Se qualcuno avesse ancora bisogno (coi tempi che corrono) di avere una rappresentazione iconografica del politico populista, vada al cinema a vedere che fine ha fatto Cetto, dopo essere emigrato in Germania ad esportare le sue “idee” e il suo stile di vita. Questo film è il terzo di una trilogia sul geniale personaggio creato da Antonio Albanese, dopo Qualunquemente, del 2011, e Tutto tutto, niente niente, del 2012. Vi avverto: il primo è il vero capolavoro comico; il secondo, come ricorderete, non ha avuto lo stesso successo. Cetto c’è è consigliato (solo) ai super appassionati, perché non aggiunge molto a quanto avrete già apprezzato di lui.
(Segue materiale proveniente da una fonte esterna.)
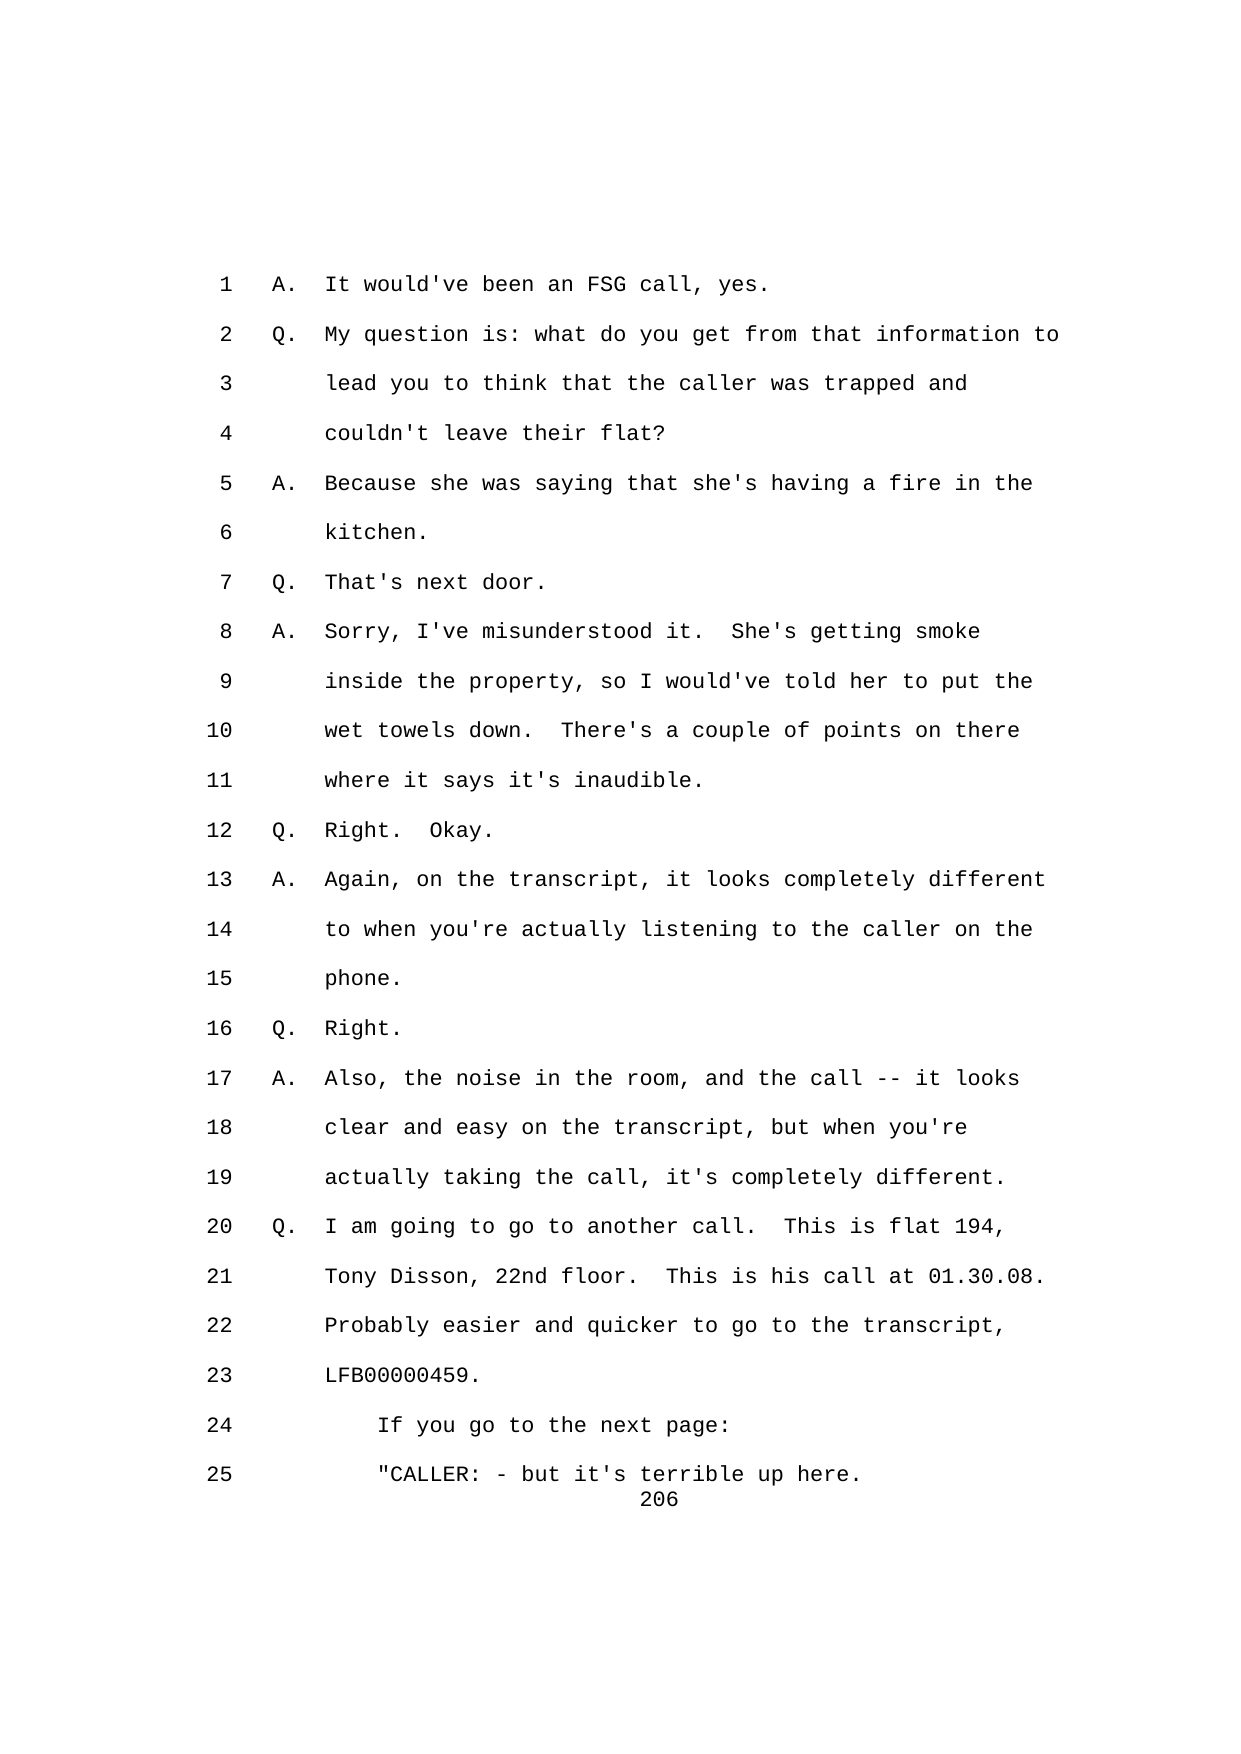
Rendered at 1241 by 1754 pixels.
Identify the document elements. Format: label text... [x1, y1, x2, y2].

text 18 clear and easy on the transcript, but when you're [75, 1116, 1165, 1141]
text 5 A. Because she was saying that she's having a fire in the [75, 472, 1165, 496]
text 24 If you go to the next page: [75, 1414, 1165, 1438]
text 7 Q. That's next door. [75, 571, 1165, 596]
text 8 A. Sorry, I've misunderstood it. She's getting smoke [75, 620, 1165, 645]
text 13 A. Again, on the transcript, it looks completely different [75, 868, 1165, 893]
text 23 LFB00000459. [75, 1364, 1165, 1389]
text 21 Tony Disson, 22nd floor. This is his call at 01.30.08. [75, 1265, 1165, 1290]
text 6 kitchen. [75, 521, 1165, 546]
text 206 [75, 1488, 1165, 1513]
text 10 wet towels down. There's a couple of points on there [75, 719, 1165, 744]
text 22 Probably easier and quicker to go to the transcript, [75, 1314, 1165, 1339]
text 19 actually taking the call, it's completely different. [75, 1166, 1165, 1191]
text 16 Q. Right. [75, 1017, 1165, 1042]
text 25 "CALLER: - but it's terrible up here. [75, 1463, 1165, 1488]
text 20 Q. I am going to go to another call. This is flat 194, [75, 1215, 1165, 1240]
text 17 A. Also, the noise in the room, and the call -- it looks [75, 1067, 1165, 1091]
text 2 Q. My question is: what do you get from that information to [75, 323, 1165, 348]
text 12 Q. Right. Okay. [75, 819, 1165, 843]
text 4 couldn't leave their flat? [75, 422, 1165, 447]
text 1 A. It would've been an FSG call, yes. [75, 273, 1165, 298]
text 15 phone. [75, 967, 1165, 992]
text 9 inside the property, so I would've told her to put the [75, 670, 1165, 695]
text 11 where it says it's inaudible. [75, 769, 1165, 794]
text 3 lead you to think that the caller was trapped and [75, 372, 1165, 397]
text 14 to when you're actually listening to the caller on the [75, 918, 1165, 943]
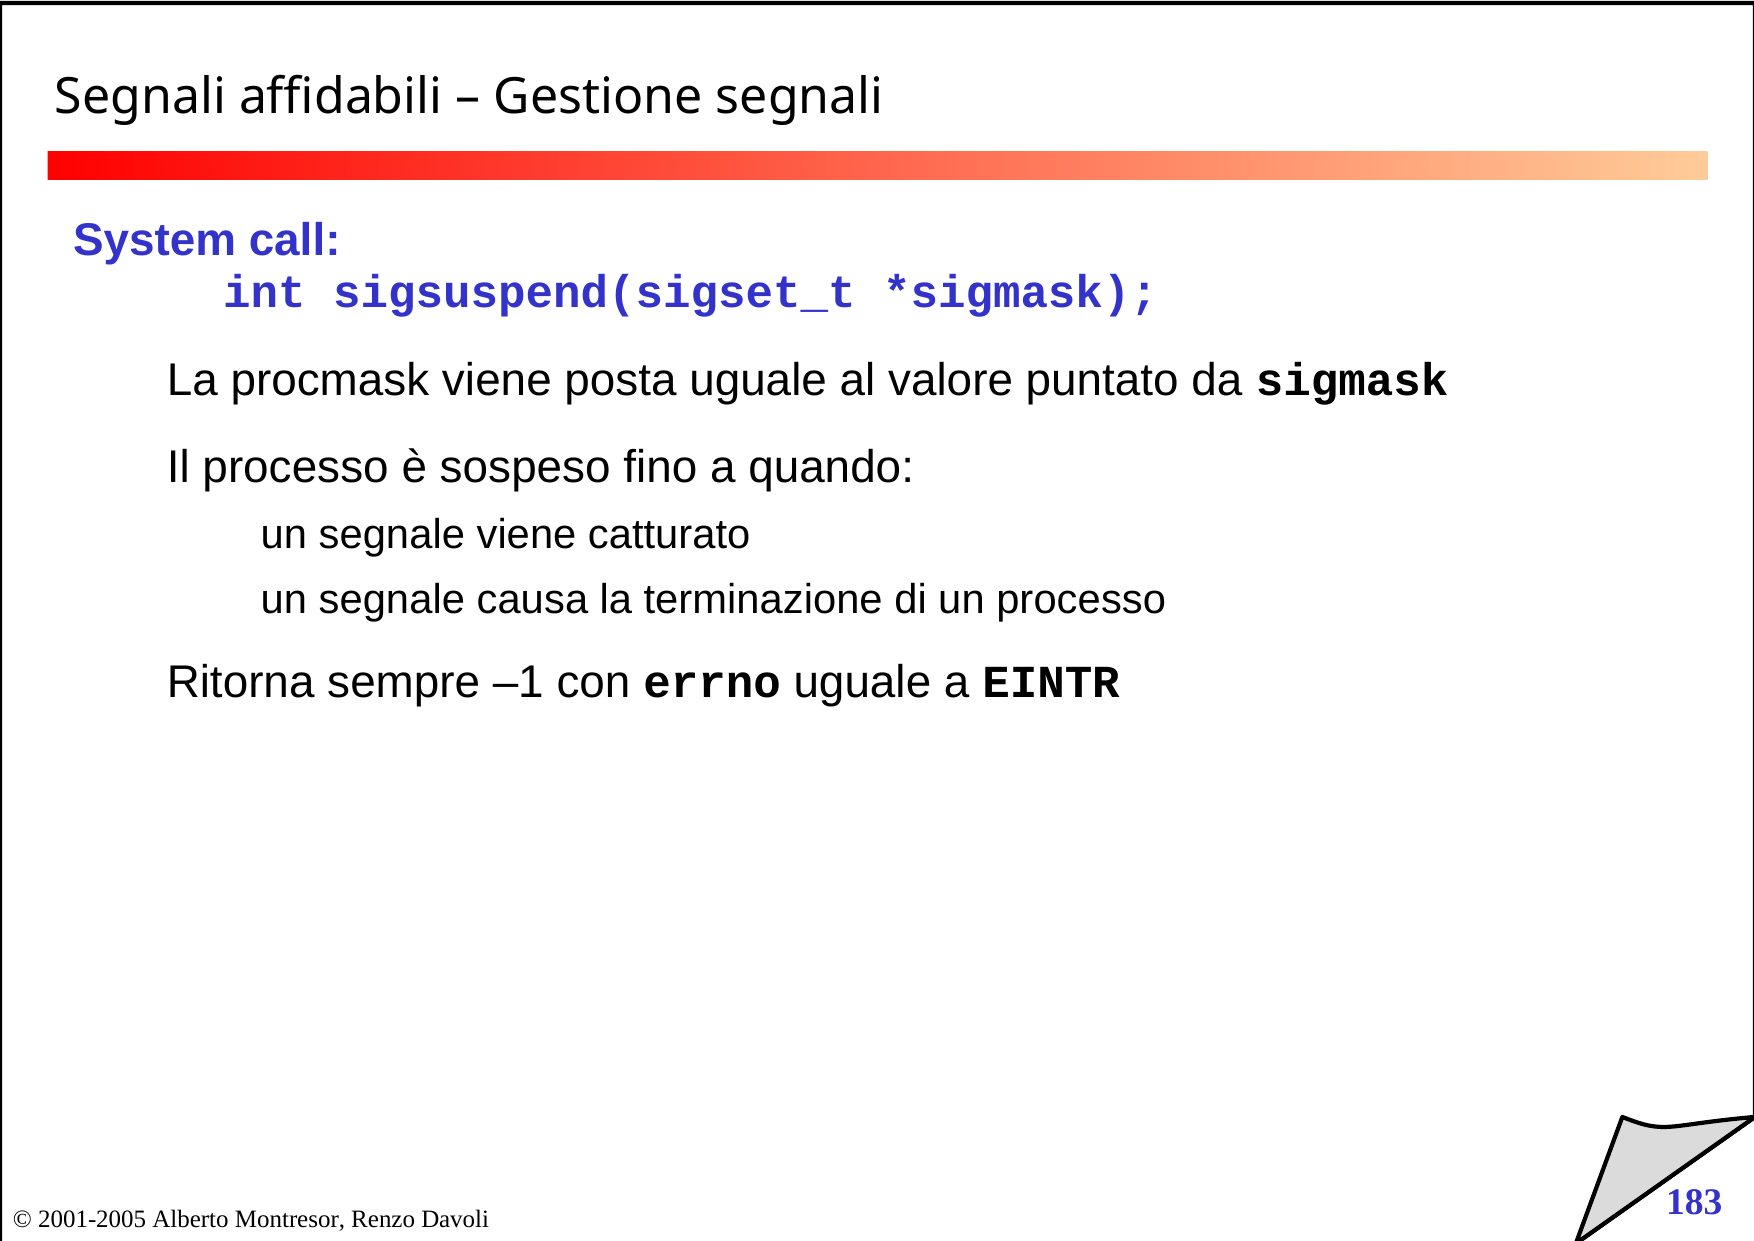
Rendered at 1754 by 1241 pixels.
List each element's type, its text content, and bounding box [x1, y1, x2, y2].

list System call: int sigsuspend(sigset_t *sigmask); La procmask viene posta uguale al valore puntato da sigmask Il processo è sospeso fino a quando: un segnale viene catturato un segnale causa la terminazione di un processo Ritorna sempre –1 con errno uguale a EINTR [58, 206, 1696, 814]
title Segnali affidabili – Gestione segnali [40, 8, 1714, 185]
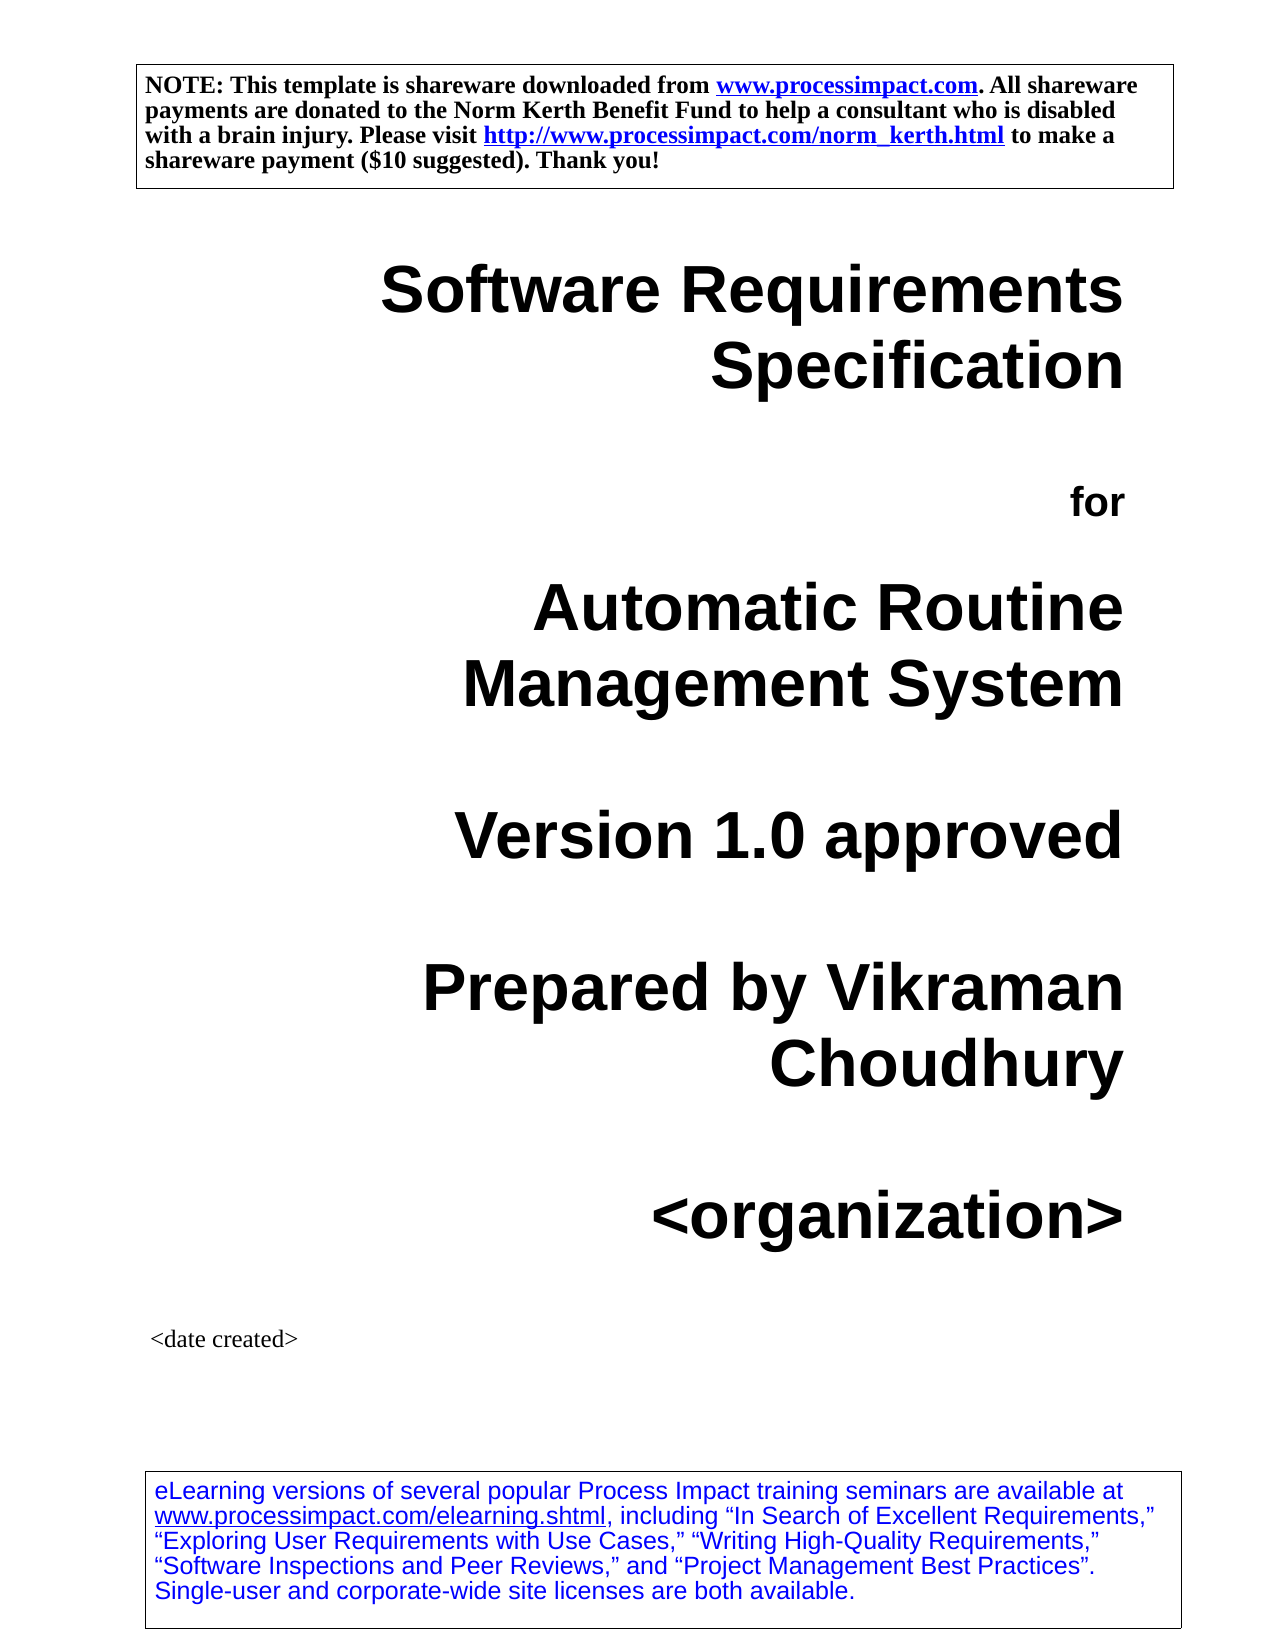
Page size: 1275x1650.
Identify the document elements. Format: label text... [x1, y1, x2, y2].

text Prepared by Vikraman Choudhury [150, 947, 1125, 1101]
title for [150, 478, 1125, 526]
title Automatic Routine Management System [150, 567, 1125, 721]
text <date created> [150, 1327, 1125, 1352]
text [146, 1472, 1181, 1628]
text NOTE: This template is shareware downloaded from www.processimpact.com. All shareware payments are donated to the Norm Kerth Benefit Fund to help a consultant who is disabled with a brain injury. Please visit http://www.processimpact.com/norm_kerth.html to make a shareware payment ($10 suggested). Thank you! [145, 73, 1164, 173]
text eLearning versions of several popular Process Impact training seminars are available at www.processimpact.com/elearning.shtml, including “In Search of Excellent Requirements,” “Exploring User Requirements with Use Cases,” “Writing High-Quality Requirements,” “Software Inspections and Peer Reviews,” and “Project Management Best Practices”. Single-user and corporate-wide site licenses are both available. [154, 1479, 1172, 1604]
text <organization> [150, 1176, 1125, 1252]
text Version 1.0 approved [150, 796, 1125, 872]
title Software Requirements Specification [150, 249, 1125, 403]

cetto-ce-senzadubbiamenteSemplicemente continua sulla scia degli avverbi spericolati e approfondisce con ulteriori amenità una figura che ormai è (purtroppo) entrata nel nostro DNA di cittadini elettori: quella del politico che fa delle promesse (non mantenute) il suo strumento di caccia, che scientemente prende in giro, e con un certo gusto, chi ha l’ingenuità o forse la stupidità di ascoltarlo. La cosa migliore del film è in alcune “tirate” di Cetto su come prendersi gioco del popolo, dandogli a bere di quanto sia necessario tornare alla monarchia e abbandonare l’ormai vetusta, abusata ed inutile democrazia.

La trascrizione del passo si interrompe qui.